Unlike other studies, total gonadotropin doses and days of stimulation were lower in patients receiving rFSH in all subgroups. Especially in the subgroup a and b, although clinical pregnancy rates were similar, total gonadotropin doses were lower in the rFSH group. On the other hand, the greater number of follicles > 17 mm in the FSH group was indicative of a higher number of retrieved oocytes. Therefore, more oocytes were collected with a lower dose of gonadotropin and with a shorter period of stimulation. In this patient group, only rFSH treatment seemed to be more advantageous in terms of cost-effectiveness. The data of patients under 35 years of age in a recent study [16] supported our findings. Hypo-responsiveness to gonadotropin stimulation in the patient group with poor response has been suggested to be linked with genetic mutations or single nucleotide polymorphisms (SNPs) of endogenous gonadotropin receptors and these patients may demonstrate an ovarian sensitivity to exogenous gonadotropins [8].

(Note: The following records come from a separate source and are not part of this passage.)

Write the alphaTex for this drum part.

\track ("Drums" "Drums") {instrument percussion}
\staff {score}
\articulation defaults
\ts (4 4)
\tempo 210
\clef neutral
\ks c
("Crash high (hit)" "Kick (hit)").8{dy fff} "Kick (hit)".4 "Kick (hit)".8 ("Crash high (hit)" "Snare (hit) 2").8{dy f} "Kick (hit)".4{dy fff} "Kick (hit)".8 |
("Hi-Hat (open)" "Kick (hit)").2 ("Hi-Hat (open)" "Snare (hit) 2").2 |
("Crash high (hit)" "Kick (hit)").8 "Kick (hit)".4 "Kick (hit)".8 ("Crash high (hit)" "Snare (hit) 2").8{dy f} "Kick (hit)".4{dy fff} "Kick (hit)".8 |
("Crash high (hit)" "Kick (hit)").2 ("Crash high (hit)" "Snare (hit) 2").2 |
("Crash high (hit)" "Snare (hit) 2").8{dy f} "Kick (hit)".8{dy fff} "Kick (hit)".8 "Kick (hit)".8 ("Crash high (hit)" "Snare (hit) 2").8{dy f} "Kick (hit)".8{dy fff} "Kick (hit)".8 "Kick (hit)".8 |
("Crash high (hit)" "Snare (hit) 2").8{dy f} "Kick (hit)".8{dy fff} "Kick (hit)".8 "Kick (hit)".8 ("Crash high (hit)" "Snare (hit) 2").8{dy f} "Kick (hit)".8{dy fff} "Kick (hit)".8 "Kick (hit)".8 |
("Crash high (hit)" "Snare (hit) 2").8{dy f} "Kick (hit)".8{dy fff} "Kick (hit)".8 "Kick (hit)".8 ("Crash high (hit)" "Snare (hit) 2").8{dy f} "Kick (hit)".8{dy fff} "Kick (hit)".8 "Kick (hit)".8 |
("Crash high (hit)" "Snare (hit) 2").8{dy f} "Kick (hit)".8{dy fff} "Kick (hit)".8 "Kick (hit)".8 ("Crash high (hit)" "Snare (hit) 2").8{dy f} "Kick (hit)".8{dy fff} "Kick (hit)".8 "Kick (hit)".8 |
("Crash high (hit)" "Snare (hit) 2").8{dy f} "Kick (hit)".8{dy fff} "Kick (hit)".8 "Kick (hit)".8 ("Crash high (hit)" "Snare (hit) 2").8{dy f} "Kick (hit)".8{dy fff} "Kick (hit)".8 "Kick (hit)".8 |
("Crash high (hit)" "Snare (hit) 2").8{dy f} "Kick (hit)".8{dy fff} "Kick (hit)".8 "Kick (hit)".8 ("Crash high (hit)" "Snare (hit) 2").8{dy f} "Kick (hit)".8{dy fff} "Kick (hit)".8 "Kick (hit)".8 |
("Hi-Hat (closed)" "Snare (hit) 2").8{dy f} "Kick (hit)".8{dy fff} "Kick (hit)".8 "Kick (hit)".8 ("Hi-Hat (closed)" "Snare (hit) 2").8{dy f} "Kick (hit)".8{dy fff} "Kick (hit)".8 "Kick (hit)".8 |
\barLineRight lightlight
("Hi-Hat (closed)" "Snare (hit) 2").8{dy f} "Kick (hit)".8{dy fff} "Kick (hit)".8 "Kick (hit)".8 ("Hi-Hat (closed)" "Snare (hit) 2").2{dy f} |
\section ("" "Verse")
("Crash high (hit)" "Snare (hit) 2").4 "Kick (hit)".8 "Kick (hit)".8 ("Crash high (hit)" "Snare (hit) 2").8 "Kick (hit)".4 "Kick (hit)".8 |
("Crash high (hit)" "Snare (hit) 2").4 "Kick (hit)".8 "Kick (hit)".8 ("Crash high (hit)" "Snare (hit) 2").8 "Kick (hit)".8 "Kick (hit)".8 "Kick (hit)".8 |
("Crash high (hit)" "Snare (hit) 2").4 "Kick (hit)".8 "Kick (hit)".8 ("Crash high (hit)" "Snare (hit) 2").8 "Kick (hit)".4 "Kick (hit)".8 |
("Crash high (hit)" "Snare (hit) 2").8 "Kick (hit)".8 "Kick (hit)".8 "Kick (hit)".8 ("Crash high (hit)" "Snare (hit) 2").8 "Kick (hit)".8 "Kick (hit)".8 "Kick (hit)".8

Among the strengths of the present study was the selected patient group as although the efficacy of adding LH to treatment that appears to be beneficial for the treatment of women with DOR in GnRH agonist protocols has been investigated by many authors [4, 20, 21], there are few studies with antagonist protocols in women under 35 years old with a diminished ovarian reserve. The similarity of basal E2, AFC and AMH of the two groups increases the validity of the comparison and the interpretation of the data, increasing the strength of our result.
Inclusion of patients receiving their first treatment cycle is the other strength of the study. Moreover, dividing participants into subgroups based on AFCs reduced bias in our definition of DOR. On the other hand, if the number of participants in groups 1a and 1b had been higher, maybe our results might be more significant. The most important limitations of our study are its retrospective design and the use of hMG that has an LH activity derived from hCG rather than LH. Therefore, some authors [12] have not evaluated hMG in their reviews.
CONCLUSIONS
We observed no beneficial effect of LH supplementation during COS for the treatment of women under 35 years old with DOR in the first treatment cycle when compared with rFSH only in the antagonist protocols. Randomized control trials focusing specifically on young patients affected by DOR who received antagonist protocols are required for a final decision.
Conflict of interest
The authors have no conflicts of interest relevant to this article.